How to design a 64 x 64 bit array multiplier in Verilog?

I know how to design a 4x4 array multiplier , but if I follow the same logic , the coding becomes tedious.

4 x 4 - 16 partial products
64 x 64 - 4096 partial products.

Along with 8 full adders and 4 half adders, How many full adders and half adders do I need for 64 x 64 bit. How do I reduce the number of Partial products? Is there any simple way to solve this ?

Solution

Whenever tediously coding a repetitive pattern you should use a generate statement instead:

module array_multiplier(a, b, y);

parameter width = 8;
input [width-1:0] a, b;
output [width-1:0] y;

wire [width*width-1:0] partials;

genvar i;
assign partials[width-1 : 0] = a[0] ? b : 0;
generate for (i = 1; i < width; i = i+1) begin:gen
    assign partials[width*(i+1)-1 : width*i] = (a[i] ? b << i : 0) +
                                   partials[width*i-1 : width*(i-1)];
end endgenerate

assign y = partials[width*width-1 : width*(width-1)];

endmodule

I've verified this module using the following test-bench: http://svn.clifford.at/handicraft/2013/array_multiplier/array_multiplier_tb.v

EDIT:

As @Debian has asked for a pipelined version - here it is. This time using a for loop in an always-region for the array part.

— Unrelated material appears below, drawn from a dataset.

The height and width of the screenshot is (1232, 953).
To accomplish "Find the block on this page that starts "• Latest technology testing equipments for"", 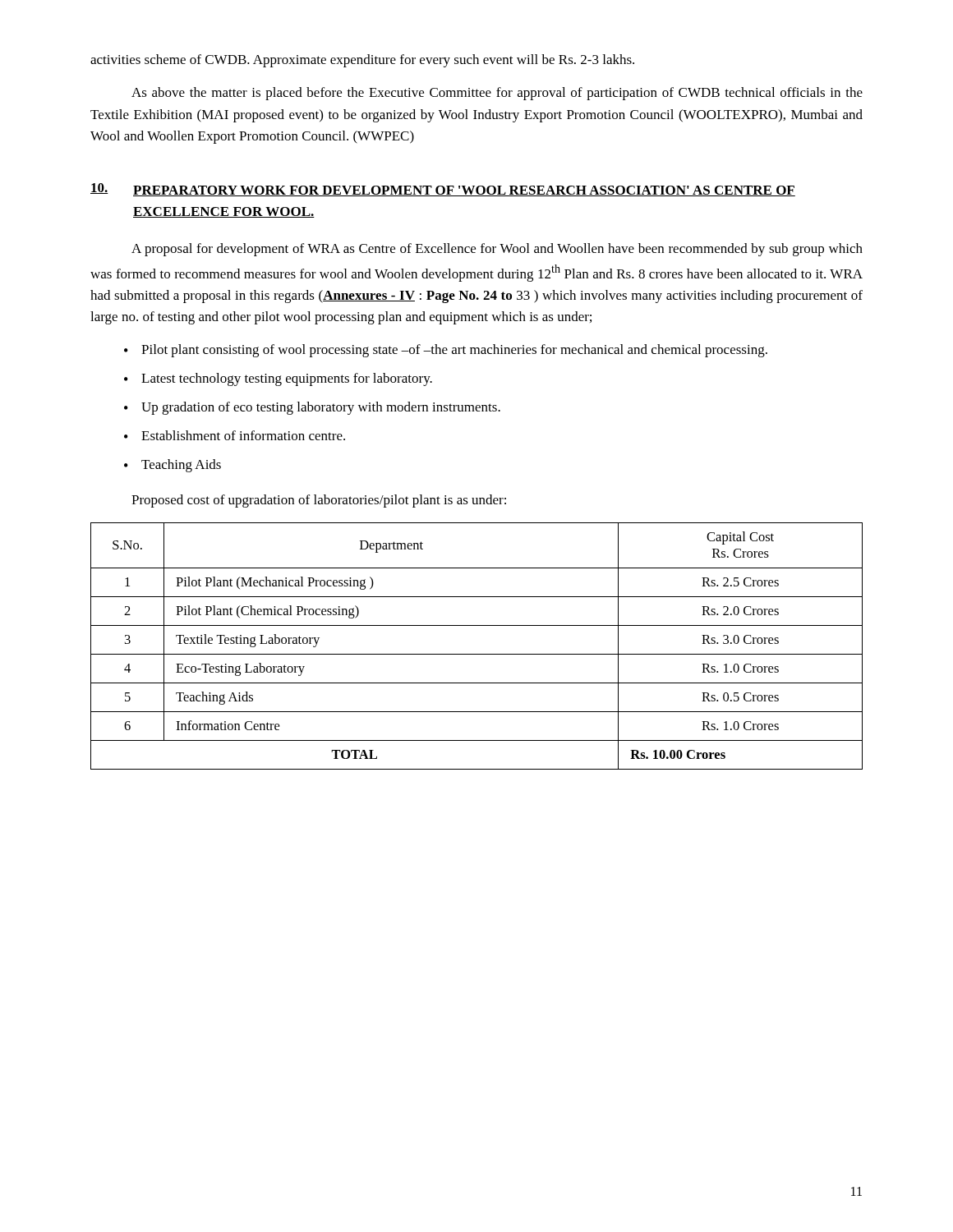I will [x=278, y=379].

module array_multiplier_pipeline(clk, a, b, y);

parameter width = 8;

input clk;
input [width-1:0] a, b;
output [width-1:0] y;

reg [width-1:0] a_pipeline [0:width-2];
reg [width-1:0] b_pipeline [0:width-2];
reg [width-1:0] partials [0:width-1];
integer i;

always @(posedge clk) begin
    a_pipeline[0] <= a;
    b_pipeline[0] <= b;
    for (i = 1; i < width-1; i = i+1) begin
        a_pipeline[i] <= a_pipeline[i-1];
        b_pipeline[i] <= b_pipeline[i-1];
    end

    partials[0] <= a[0] ? b : 0;
    for (i = 1; i < width; i = i+1)
        partials[i] <= (a_pipeline[i-1][i] ? b_pipeline[i-1] << i : 0) +
                partials[i-1];
end

assign y = partials[width-1];

endmodule

Note that with many synthesis tools it's also possible to just add (width) register stages after the non-pipelined adder and let the tools register balancing pass do the pipelining.